• **Task to complete**:
Under this line are the records; write out word for word the part that begins at the line containing "Your answer should be very brief. 21.34." and ends at the line containing "Give a very brief answer. 0.81.", and no more.

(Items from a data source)
________________________

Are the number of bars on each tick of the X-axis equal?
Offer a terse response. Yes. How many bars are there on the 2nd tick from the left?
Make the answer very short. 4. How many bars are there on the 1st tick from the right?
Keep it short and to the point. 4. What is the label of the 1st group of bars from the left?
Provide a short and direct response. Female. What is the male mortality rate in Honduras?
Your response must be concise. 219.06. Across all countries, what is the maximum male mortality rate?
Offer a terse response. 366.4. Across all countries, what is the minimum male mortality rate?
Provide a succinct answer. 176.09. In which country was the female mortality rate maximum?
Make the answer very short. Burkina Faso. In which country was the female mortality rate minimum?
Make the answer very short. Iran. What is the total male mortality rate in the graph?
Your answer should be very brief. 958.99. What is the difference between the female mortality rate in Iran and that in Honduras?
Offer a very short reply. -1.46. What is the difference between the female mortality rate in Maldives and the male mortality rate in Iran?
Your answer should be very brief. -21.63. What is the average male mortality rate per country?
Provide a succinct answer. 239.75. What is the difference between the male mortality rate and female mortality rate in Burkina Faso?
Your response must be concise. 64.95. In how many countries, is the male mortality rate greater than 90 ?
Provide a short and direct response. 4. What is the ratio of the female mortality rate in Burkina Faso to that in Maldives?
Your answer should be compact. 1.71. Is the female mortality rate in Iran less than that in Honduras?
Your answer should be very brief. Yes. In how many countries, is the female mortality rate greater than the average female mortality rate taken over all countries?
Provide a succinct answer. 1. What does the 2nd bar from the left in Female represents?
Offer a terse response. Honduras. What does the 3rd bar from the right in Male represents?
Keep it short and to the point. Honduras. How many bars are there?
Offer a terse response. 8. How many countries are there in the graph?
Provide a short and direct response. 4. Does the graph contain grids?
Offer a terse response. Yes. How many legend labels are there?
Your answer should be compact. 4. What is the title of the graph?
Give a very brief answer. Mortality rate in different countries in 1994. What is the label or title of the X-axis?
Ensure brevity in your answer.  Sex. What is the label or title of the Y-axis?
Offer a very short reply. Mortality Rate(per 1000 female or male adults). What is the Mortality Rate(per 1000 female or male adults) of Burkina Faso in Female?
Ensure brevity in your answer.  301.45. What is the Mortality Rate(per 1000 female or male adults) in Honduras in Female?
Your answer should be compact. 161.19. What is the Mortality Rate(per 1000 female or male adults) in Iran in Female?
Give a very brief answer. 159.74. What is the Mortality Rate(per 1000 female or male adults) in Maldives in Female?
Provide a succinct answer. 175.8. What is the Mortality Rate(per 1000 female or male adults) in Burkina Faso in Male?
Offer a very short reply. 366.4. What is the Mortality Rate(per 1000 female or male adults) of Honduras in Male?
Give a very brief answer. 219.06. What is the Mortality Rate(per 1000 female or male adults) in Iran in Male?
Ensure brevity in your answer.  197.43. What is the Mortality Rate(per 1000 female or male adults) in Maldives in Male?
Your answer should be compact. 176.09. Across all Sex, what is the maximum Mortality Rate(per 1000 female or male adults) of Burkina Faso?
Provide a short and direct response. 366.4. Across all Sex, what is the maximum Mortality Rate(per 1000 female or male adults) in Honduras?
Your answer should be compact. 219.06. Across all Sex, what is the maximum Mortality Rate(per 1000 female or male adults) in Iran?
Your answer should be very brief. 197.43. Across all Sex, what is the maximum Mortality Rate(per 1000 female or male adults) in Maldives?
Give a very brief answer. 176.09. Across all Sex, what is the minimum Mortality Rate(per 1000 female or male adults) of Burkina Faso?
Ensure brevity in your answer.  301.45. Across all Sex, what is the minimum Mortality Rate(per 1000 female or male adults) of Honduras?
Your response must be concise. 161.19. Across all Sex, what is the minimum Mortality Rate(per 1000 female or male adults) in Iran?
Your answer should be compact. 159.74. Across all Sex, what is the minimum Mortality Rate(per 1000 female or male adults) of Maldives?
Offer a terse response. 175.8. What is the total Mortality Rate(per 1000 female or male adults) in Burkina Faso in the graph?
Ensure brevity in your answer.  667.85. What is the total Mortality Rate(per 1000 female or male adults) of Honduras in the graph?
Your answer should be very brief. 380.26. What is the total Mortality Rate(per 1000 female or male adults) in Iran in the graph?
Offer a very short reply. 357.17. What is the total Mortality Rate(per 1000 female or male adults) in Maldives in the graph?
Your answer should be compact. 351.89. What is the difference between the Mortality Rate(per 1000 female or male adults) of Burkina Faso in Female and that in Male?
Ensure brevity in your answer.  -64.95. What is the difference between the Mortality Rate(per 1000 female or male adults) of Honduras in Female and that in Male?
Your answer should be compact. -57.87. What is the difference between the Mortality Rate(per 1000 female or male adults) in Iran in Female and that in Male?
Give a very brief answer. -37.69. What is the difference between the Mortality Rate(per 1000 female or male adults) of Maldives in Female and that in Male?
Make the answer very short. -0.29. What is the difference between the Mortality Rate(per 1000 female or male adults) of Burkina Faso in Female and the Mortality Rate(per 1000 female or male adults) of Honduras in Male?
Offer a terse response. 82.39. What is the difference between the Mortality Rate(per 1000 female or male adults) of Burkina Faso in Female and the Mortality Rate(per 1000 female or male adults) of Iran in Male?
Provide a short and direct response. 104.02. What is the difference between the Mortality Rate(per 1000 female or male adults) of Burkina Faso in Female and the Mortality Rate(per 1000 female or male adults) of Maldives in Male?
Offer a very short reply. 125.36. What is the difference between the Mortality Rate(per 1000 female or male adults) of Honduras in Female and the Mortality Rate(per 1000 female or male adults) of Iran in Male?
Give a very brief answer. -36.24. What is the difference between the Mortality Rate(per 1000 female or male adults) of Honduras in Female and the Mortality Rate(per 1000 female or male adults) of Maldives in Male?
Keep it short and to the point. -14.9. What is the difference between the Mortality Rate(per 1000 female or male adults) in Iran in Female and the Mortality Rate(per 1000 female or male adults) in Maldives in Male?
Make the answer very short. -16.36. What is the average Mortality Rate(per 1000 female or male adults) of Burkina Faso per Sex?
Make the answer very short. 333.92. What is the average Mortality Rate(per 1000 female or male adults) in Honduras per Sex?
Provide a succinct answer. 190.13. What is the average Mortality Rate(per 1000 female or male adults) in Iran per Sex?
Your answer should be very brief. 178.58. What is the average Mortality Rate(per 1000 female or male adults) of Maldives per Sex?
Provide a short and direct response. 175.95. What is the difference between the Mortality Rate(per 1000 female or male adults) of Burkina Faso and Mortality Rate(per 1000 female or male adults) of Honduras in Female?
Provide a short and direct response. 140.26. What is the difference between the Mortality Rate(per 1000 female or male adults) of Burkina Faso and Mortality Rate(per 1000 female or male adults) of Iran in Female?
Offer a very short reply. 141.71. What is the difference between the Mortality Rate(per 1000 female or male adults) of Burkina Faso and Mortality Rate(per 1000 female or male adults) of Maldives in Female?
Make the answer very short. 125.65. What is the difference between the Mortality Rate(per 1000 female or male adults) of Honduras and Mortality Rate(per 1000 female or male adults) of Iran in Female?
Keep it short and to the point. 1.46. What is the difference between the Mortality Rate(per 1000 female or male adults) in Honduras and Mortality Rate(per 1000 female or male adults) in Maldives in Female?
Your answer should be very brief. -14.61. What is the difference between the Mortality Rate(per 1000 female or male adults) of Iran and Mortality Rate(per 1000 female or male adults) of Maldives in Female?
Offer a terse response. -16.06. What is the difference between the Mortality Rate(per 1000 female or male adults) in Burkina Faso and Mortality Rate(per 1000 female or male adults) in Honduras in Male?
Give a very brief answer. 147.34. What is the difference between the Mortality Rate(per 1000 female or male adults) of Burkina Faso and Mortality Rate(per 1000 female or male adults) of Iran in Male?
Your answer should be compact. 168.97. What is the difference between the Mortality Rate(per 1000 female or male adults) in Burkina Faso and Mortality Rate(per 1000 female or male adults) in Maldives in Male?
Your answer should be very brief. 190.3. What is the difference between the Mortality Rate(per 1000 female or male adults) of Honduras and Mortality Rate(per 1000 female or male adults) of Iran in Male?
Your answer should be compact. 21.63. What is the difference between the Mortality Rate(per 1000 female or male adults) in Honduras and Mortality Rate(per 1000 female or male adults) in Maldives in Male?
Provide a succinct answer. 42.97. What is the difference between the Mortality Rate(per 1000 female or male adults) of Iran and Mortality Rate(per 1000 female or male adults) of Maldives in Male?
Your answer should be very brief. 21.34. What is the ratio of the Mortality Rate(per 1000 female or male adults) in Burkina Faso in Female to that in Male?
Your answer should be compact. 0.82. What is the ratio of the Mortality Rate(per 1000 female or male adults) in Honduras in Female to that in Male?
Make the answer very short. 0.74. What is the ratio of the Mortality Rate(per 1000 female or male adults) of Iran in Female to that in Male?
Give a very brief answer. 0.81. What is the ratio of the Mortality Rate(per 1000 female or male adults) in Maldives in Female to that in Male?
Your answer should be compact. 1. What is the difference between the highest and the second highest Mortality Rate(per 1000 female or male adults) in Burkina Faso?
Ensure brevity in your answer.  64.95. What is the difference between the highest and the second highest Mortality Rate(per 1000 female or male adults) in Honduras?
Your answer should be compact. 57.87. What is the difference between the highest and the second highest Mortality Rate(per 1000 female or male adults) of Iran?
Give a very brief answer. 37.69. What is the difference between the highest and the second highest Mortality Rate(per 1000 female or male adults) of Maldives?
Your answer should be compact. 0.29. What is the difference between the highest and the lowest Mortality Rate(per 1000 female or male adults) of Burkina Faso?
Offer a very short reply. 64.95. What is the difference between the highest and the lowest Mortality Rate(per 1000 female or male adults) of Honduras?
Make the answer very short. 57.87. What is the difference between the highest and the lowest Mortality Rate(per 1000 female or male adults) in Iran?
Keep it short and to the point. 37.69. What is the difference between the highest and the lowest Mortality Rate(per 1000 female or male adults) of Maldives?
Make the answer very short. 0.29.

________________________

• **Exercise response**:
Your answer should be very brief. 21.34. What is the ratio of the Mortality Rate(per 1000 female or male adults) in Burkina Faso in Female to that in Male?
Your answer should be compact. 0.82. What is the ratio of the Mortality Rate(per 1000 female or male adults) in Honduras in Female to that in Male?
Make the answer very short. 0.74. What is the ratio of the Mortality Rate(per 1000 female or male adults) of Iran in Female to that in Male?
Give a very brief answer. 0.81. What is the ratio of the Mortality Rate(per 1000 female or male adults) in Maldives in Female to that in Male?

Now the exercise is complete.